Editor's note: This story is part of a series of student profiles that are part of our December 2015 commencement coverage.
When Ron Dorn, professor and instructor of Emily Kaba’s course in Landform Processes, began talking about “geomorphology puzzles,” and especially the odd-looking rocky hills just north of campus in Papago Park, Emily Kaba was intrigued.
Kaba came to ASU from Dubai in the United Arab Emirates, where she’d been born and raised. With a multilingual family in which she learned Norwegian from her mother and Arabic from her father, Emily attended a British school. As a senior in high school under the British system, she chose three topics to focus her studies on: theater, performance arts and geography.
“In geography, we were expected to conduct research, and I was surprised at how much I enjoyed it,” said Kaba. She chose to focus on water sustainability — but still intended to focus on theater and performance arts in her college studies, until she visited her brother, who was at that time studying at ASU.

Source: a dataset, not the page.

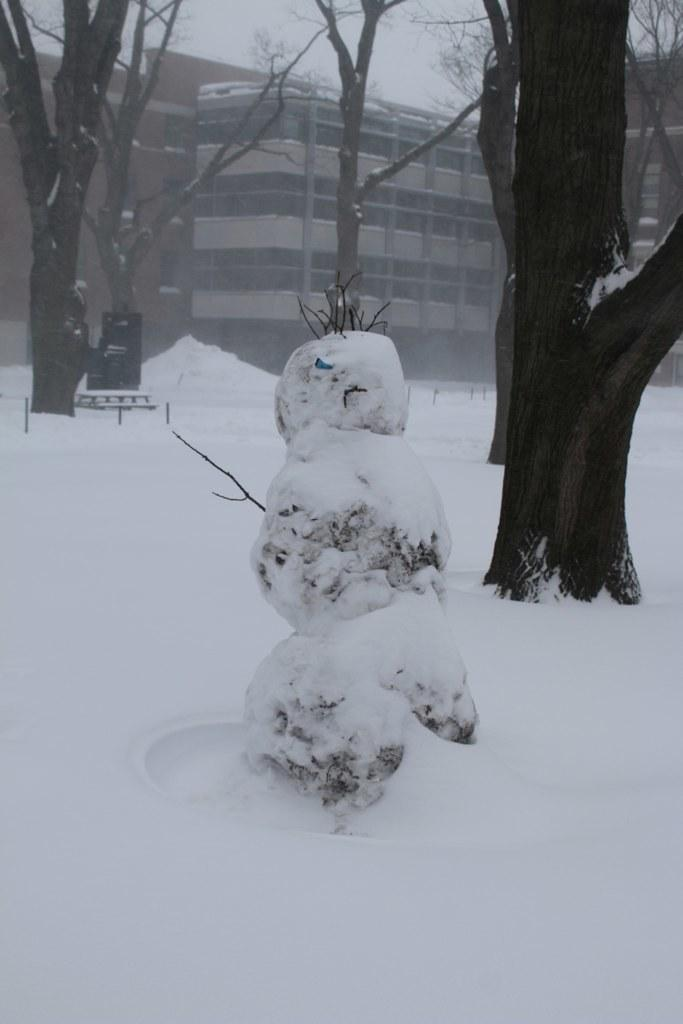What is visible on the ground in the image? The ground is visible in the image. What is covering some of the objects in the image? There are objects covered with snow in the image. What type of natural vegetation can be seen in the image? There are trees in the image. What type of man-made structures are present in the image? There are buildings in the image. What is visible above the ground and objects in the image? The sky is visible in the image. What type of education does the manager of the sink in the image have? There is no manager or sink present in the image. What type of sink is visible in the image? There is no sink present in the image.

“I loved the ASU campus and the desert environment, and ended up the next year as a freshman here, majoring in geography,” Kaba said.
As a sophomore, she had an opportunity to do an internship with ASU’s Decision Center for a Desert City, where she researched the process of decision making within Arizona’s irrigation districts.
It was that same semester that Dorn introduced her to the many questions that exist about landforms and how they came to be. He told her that the rocks that form the rounded caves of the Papago Hills — with their small clusters of smooth holes — are called “tafoni,” and that scientists don’t fully understand how they form. He told her about a few hiking trails where she could look at tafoni in real life — and along with the trails, Kaba discovered her honors thesis research path.
Kaba was able to train to use one of ASU’s powerful electron microprobes. She gathered samples of tafoni from Papago Park as well as Picketpost Mountain near Superior, Arizona, and on a trip home, was also able to collect samples from a site in neighboring Oman. She mastered the art of preparing the samples for the electron microprobe and analyzing the microprobe’s images together with results of X-ray analysis — processes more typically undertaken as part of doctoral or post-doctoral studies.
Her observations and analysis began to reveal some pieces of the puzzle. In all three locations, chemical and physical processes work together to erode rock into the unique tafoni surface. The processes in the samples from Papago Park and Oman appeared to be quite similar — but although the Picketpost Mountain rocks look very similar, they appeared to have a very different history.
Another key finding is that processes operating on the tiniest components of the rock influence those operating at a slightly larger scale, and these in turn generate the tafoni forms that we see.
These findings are novel enough to be published, and writing at least one paper to submit to a scientific journal is high on Kaba’s post-graduation to-do list.
“Initially I thought there might be one finding to write up as a scientific paper,” said Kaba. “But my work kept going down new side-paths — with each new finding the puzzle grows larger.”
Kaba’s immediate plans after graduation focus on finding employment in a setting where she can continue to build research experience, while also using skills she has developed in GIS, or geographic information science. Together with coursework, Kaba built expertise in GIS working in her last two years at ASU as a GIS research aide with the MapStory project, which is housed in ASU’s Decision Theater.
Kaba will graduate summa cum laude in December with a major in geography, a minor in sustainability, a certificate in GIS, and recognition as a College of Liberal Arts and Sciences Dean’s Medalist.
“We feel very lucky to have been Emily’s academic home,” said Patricia Gober, interim director of the School of Geographical Sciences and Urban Planning. “She is a talented geographer, with outstanding GIS skills, and passion for ASU and our school.”